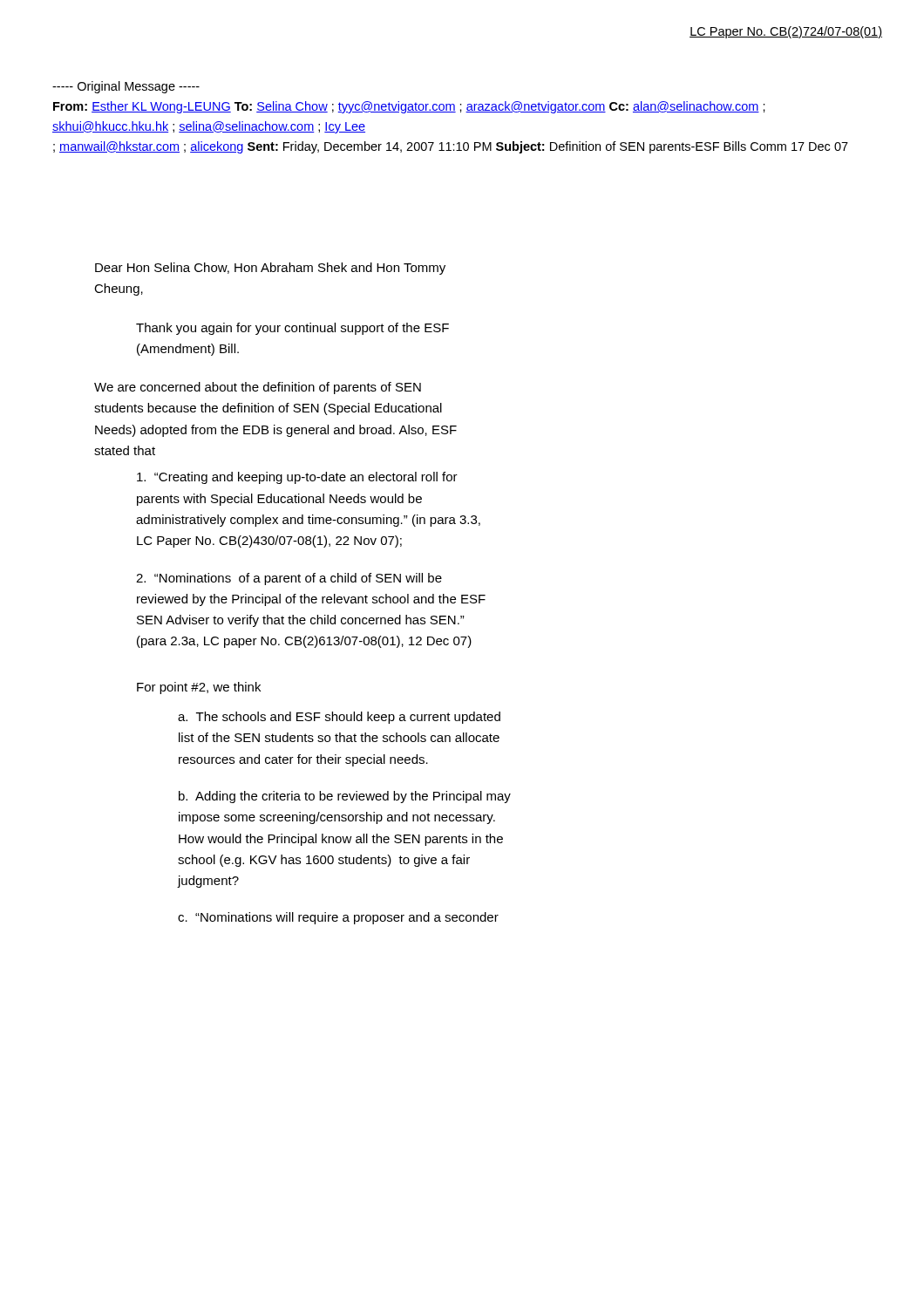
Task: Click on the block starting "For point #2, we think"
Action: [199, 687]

* * *

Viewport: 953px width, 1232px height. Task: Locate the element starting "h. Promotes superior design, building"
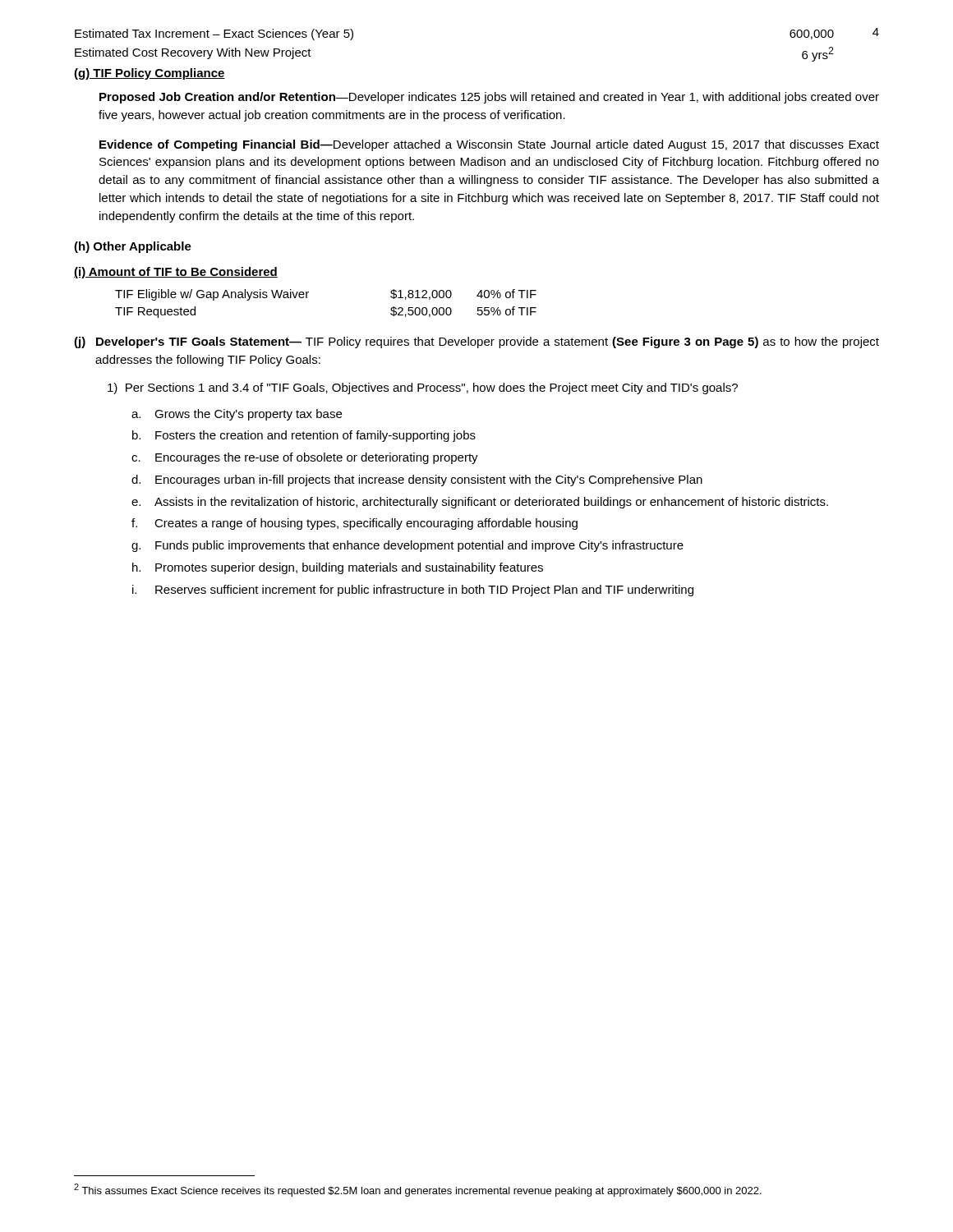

...

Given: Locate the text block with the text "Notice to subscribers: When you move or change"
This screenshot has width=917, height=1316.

* What is needed *
Apply a filter for "Locate" to the data above, then copy each line that matches.

* Result below *
Viewport: 953px width, 1232px height. Task: Locate the element starting "h. Promotes superior design, building"
Given: Locate the text block with the text "Notice to subscribers: When you move or change"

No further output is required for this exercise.